**DESCRIPTION OF THE TASK**
Comb through the entries for "weakened" and pull out each line that holds it.

**AVAILABLE DATA**
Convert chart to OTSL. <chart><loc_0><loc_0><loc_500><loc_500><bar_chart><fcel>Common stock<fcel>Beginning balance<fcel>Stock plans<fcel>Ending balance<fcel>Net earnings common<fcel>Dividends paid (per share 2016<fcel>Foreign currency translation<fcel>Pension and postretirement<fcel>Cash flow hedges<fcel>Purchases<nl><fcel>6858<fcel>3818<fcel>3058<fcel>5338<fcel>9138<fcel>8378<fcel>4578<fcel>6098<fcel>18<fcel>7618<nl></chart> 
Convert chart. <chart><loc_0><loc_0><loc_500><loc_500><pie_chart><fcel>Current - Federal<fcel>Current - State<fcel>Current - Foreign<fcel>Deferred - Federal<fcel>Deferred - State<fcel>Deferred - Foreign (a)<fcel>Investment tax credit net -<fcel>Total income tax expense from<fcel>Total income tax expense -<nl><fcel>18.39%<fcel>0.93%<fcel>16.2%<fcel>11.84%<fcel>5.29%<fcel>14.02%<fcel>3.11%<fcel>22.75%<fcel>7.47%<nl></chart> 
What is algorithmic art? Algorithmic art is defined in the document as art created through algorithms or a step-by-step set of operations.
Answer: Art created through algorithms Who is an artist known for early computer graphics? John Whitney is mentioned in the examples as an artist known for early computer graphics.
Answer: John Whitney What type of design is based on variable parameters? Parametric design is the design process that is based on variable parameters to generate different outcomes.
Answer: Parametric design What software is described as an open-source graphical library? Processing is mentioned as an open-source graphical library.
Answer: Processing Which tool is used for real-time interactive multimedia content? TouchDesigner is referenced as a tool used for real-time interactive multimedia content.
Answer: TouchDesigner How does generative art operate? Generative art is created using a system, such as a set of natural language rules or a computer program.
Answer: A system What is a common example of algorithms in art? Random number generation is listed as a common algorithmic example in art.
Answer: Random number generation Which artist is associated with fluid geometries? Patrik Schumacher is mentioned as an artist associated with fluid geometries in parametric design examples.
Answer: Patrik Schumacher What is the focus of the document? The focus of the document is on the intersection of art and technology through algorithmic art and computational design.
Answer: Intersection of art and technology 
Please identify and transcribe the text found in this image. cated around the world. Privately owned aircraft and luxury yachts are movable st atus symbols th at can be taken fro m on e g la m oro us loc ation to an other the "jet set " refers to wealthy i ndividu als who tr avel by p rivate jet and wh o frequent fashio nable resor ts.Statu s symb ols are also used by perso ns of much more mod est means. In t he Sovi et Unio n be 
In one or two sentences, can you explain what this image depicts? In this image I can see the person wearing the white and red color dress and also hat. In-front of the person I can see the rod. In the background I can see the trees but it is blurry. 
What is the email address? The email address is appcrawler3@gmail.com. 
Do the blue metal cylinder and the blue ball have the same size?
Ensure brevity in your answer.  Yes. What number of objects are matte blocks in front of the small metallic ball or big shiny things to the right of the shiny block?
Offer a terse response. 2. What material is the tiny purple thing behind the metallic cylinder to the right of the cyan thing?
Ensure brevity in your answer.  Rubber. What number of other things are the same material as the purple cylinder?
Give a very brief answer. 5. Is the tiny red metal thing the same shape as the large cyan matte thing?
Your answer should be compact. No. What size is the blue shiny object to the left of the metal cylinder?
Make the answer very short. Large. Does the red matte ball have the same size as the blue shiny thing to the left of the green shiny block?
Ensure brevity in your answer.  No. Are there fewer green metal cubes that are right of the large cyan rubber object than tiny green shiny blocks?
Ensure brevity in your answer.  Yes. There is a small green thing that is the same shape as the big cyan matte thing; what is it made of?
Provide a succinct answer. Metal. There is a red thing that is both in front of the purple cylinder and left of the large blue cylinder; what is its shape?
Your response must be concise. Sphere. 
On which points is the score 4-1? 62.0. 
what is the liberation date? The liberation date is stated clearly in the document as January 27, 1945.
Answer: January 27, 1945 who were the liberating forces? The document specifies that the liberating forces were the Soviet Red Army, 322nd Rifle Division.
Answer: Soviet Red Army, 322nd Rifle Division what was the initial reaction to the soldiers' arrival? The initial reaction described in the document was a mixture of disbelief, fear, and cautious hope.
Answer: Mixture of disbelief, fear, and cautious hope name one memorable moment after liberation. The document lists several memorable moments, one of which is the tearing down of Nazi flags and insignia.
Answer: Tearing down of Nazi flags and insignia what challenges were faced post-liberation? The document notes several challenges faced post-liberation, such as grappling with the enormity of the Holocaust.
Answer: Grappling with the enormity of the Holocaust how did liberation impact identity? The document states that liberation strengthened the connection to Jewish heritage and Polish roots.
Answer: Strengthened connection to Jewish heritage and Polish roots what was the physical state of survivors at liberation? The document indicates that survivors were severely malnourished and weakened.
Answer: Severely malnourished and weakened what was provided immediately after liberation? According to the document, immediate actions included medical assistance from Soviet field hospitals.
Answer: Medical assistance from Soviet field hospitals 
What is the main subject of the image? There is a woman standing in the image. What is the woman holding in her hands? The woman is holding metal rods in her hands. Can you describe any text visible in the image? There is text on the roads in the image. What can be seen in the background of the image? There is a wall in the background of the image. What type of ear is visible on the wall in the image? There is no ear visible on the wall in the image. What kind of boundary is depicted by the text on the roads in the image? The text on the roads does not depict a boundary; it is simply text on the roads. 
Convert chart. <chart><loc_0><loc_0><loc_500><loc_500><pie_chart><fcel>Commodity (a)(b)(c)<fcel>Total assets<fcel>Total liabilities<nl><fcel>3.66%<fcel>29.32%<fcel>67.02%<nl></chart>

**ANSWER FOR THE TASK**
Answer: Strengthened connection to Jewish heritage and Polish roots what was the physical state of survivors at liberation? The document indicates that survivors were severely malnourished and weakened.
Answer: Severely malnourished and weakened what was provided immediately after liberation? According to the document, immediate actions included medical assistance from Soviet field hospitals.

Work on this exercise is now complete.